In Scenario 1 above, the gross income of the LLC is $200,000, before expenses. Our interpretation in these circumstances would be that the artistes would not be entitled to claim the exemption under paragraph 1 of Article XVI, since each artiste would be considered to have received gross receipts of $50,000 for the purposes of this provision. The exemption provided for in paragraph 1 of Article XVI thus does not apply where the gross receipts derived by the artiste exceed $15,000, and in this situation, the amount is clearly exceeded.
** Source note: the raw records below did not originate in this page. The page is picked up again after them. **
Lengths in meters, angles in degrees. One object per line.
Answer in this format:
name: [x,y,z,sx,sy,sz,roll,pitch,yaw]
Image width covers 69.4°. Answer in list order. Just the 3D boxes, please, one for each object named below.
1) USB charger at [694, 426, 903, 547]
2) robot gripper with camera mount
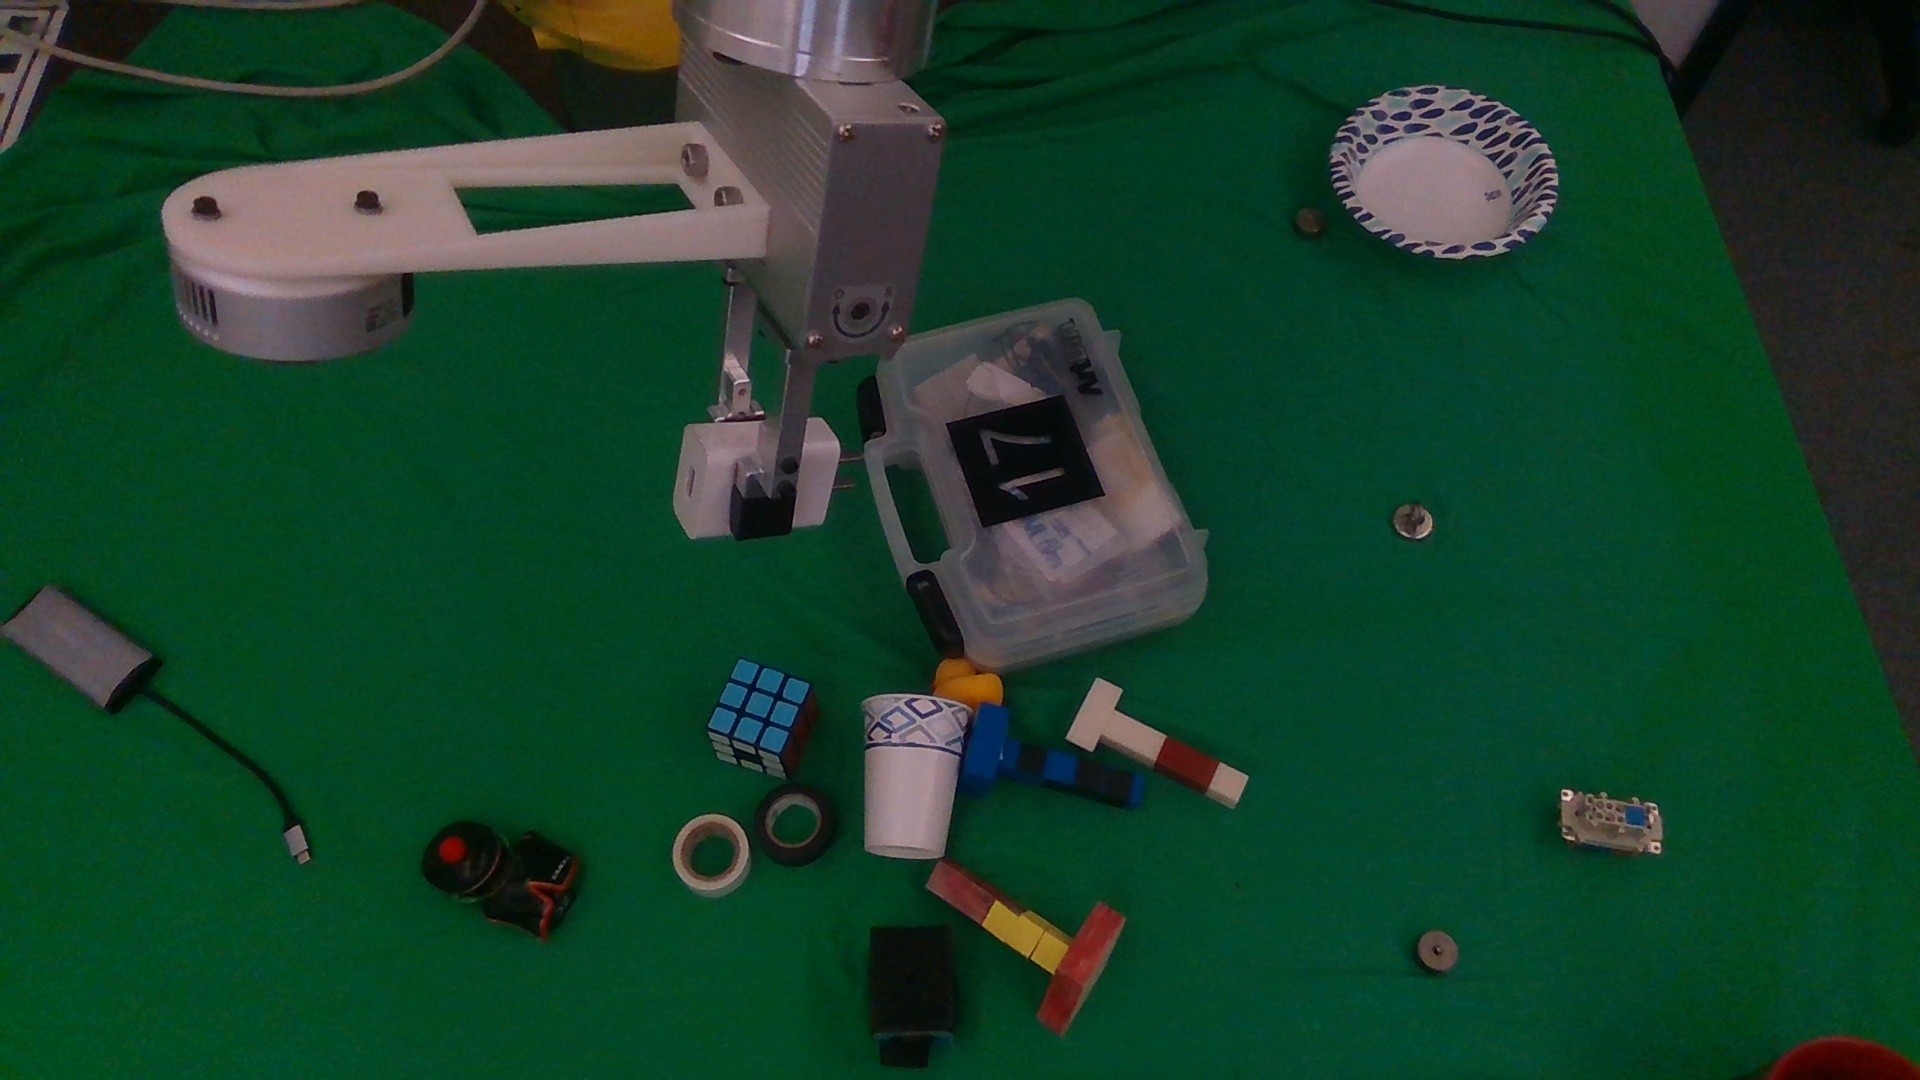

In scenario 2, the gross income of the LLC ($150,000) would be regarded as having been derived by the four artistes equally, i.e. $37,500 each for the purposes of paragraph 1 of Article XVI.
This amount clearly exceeds the $15,000 exemption threshold for each of the four artistes.
In effect, the gross receipts of the LLC are considered to be derived by the members for the purposes of the Article XVI(1) exemption. The LLC member's share of the LLC income could be aggregated with any salary of the member in the same fiscal year for the purposes of applying paragraph 1 of Article XVI. For filing purposes however, the Article IV(6) deeming rule is not applicable however, since as noted in the 2007 Protocol Technical Explanations, for Canadian purposes, the LLC remains a visible taxpayer with respect to the amounts of its income. However, we would expect that the income and expenses of the LLC (including the salaries paid) would be relevant for Canadian tax filing purposes. The artistes who are in receipt of salary earned in Canada would be expected to file their T1 tax returns for Canadian tax filing purposes and the income tax provisions would apply to the taxpayers with regard to the application of paragraph 1 of Article XVI of the Convention where applicable. If the Article XVI(1) exemption is found to be applicable to income earned by an LLC directly, then the LLC should be granted the exemption in its T2 tax return, as though the income had been earned by each of its members who are entitled to the exemption in the year.
Question 2
In regards to your question concerning the deductibility by an LLC of salary that is declared as payable to a member of the LLC but that was not paid at year-end, we would expect that normal Canadian tax rules should apply to determine the deductibility of such amounts, taking into consideration subsection 78(4). In determining whether to grant waivers to a taxpayer or not, you may wish to consider whether waivers should be given where it cannot be established that salaries will be paid in the taxation year of the LLC. XXXXXXXXXX .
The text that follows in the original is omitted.